Quanto possa essere concreto questo rapporto con Londra è dimostrato dai fatti di 22 anni fa. Nel 2004, alcuni abitanti di Pit­cairn, tra cui uomini che ricoprivano cariche importanti, sono comparsi davanti a un tribunale britannico con l’accusa di abusi sessuali commessi in molti casi anche contro dei minori. In una comunità di poche decine di persone, gli imputati rappresentavano una parte consistente degli uomini adulti. È stato necessario far arrivare sull’isola giudici, avvocati e costruire un centro di detenzione provvisorio. La difesa diceva che la legge britannica non andava applicata in quel contesto. Il tribunale ha deciso diversamente e ha emesso alcune condanne.

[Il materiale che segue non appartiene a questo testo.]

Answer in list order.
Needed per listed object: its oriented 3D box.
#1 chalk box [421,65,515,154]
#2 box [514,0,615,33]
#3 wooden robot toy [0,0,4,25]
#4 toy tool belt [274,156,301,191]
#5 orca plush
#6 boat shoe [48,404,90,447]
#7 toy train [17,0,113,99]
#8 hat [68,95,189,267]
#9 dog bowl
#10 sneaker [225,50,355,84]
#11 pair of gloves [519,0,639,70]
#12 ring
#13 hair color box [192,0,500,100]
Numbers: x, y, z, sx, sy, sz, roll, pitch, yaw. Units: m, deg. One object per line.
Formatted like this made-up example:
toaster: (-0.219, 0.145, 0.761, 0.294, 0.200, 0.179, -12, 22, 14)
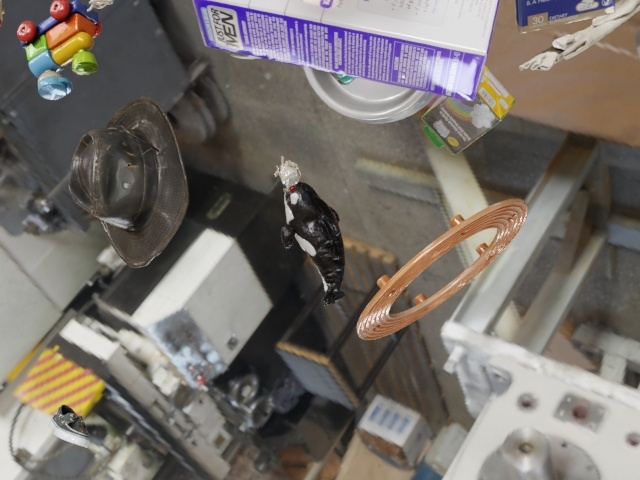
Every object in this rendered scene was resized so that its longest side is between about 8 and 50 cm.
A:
chalk box: (0.354, -0.316, 2.060, 0.132, 0.132, 0.213, 48, 133, -6)
box: (0.327, -0.392, 1.105, 0.136, 0.036, 0.225, -11, 137, 8)
wooden robot toy: (-0.500, -0.349, 1.173, 0.079, 0.076, 0.173, -3, 179, -15)
toy tool belt: (-0.068, -0.140, 1.705, 0.083, 0.052, 0.051, 92, 153, -71)
orca plush: (0.000, 0.000, 1.821, 0.102, 0.151, 0.287, -20, 76, 63)
boat shoe: (-0.395, 0.291, 1.296, 0.049, 0.040, 0.142, 29, 167, -30)
toy train: (-0.446, -0.376, 1.539, 0.248, 0.143, 0.105, -25, 159, 22)
hat: (-0.388, -0.116, 1.537, 0.331, 0.331, 0.134, 12, -174, 44)
dog bowl: (0.116, -0.425, 1.821, 0.349, 0.349, 0.102, 36, -159, 2)
sneaker: (-0.016, -0.344, 1.425, 0.295, 0.124, 0.178, 0, 162, 38)
pair of gloves: (0.508, -0.397, 1.575, 0.042, 0.204, 0.240, 56, 166, -5)
ring: (0.190, 0.044, 1.309, 0.032, 0.336, 0.336, 53, 163, 21)
hair color box: (0.041, -0.299, 0.974, 0.339, 0.185, 0.110, 14, 159, 6)

Parlando con uno dei funzionari responsabili dell’amministrazione di Pit­cairn mi ha colpito quanto la vicenda dei processi del 2004 continui a influenzare la vita dell’isola. E non si riferiva solo alla vicenda processuale, ma anche alla sfiducia di parte degli abitanti nei confronti delle autorità britanniche dopo quei processi.

L’isola di Henderson, arcipelago delle isole di Pit­cairn, 23 marzo 2026 (Galaxiid, Alamy)

Dall’esterno è facile presentare i fatti come la storia di uno stato di diritto che reagisce dopo anni di silenzio. Da vicino, però, il quadro è più complesso. La giustizia era necessaria, ma è stata amministrata dallo stesso impero che per decenni ha contribuito a creare il mito dell’isola incontaminata, per poi dover affrontare ciò che quel mito aveva contribuito a nascondere. Un paradiso che esige il silenzio delle proprie vittime non è più un paradiso.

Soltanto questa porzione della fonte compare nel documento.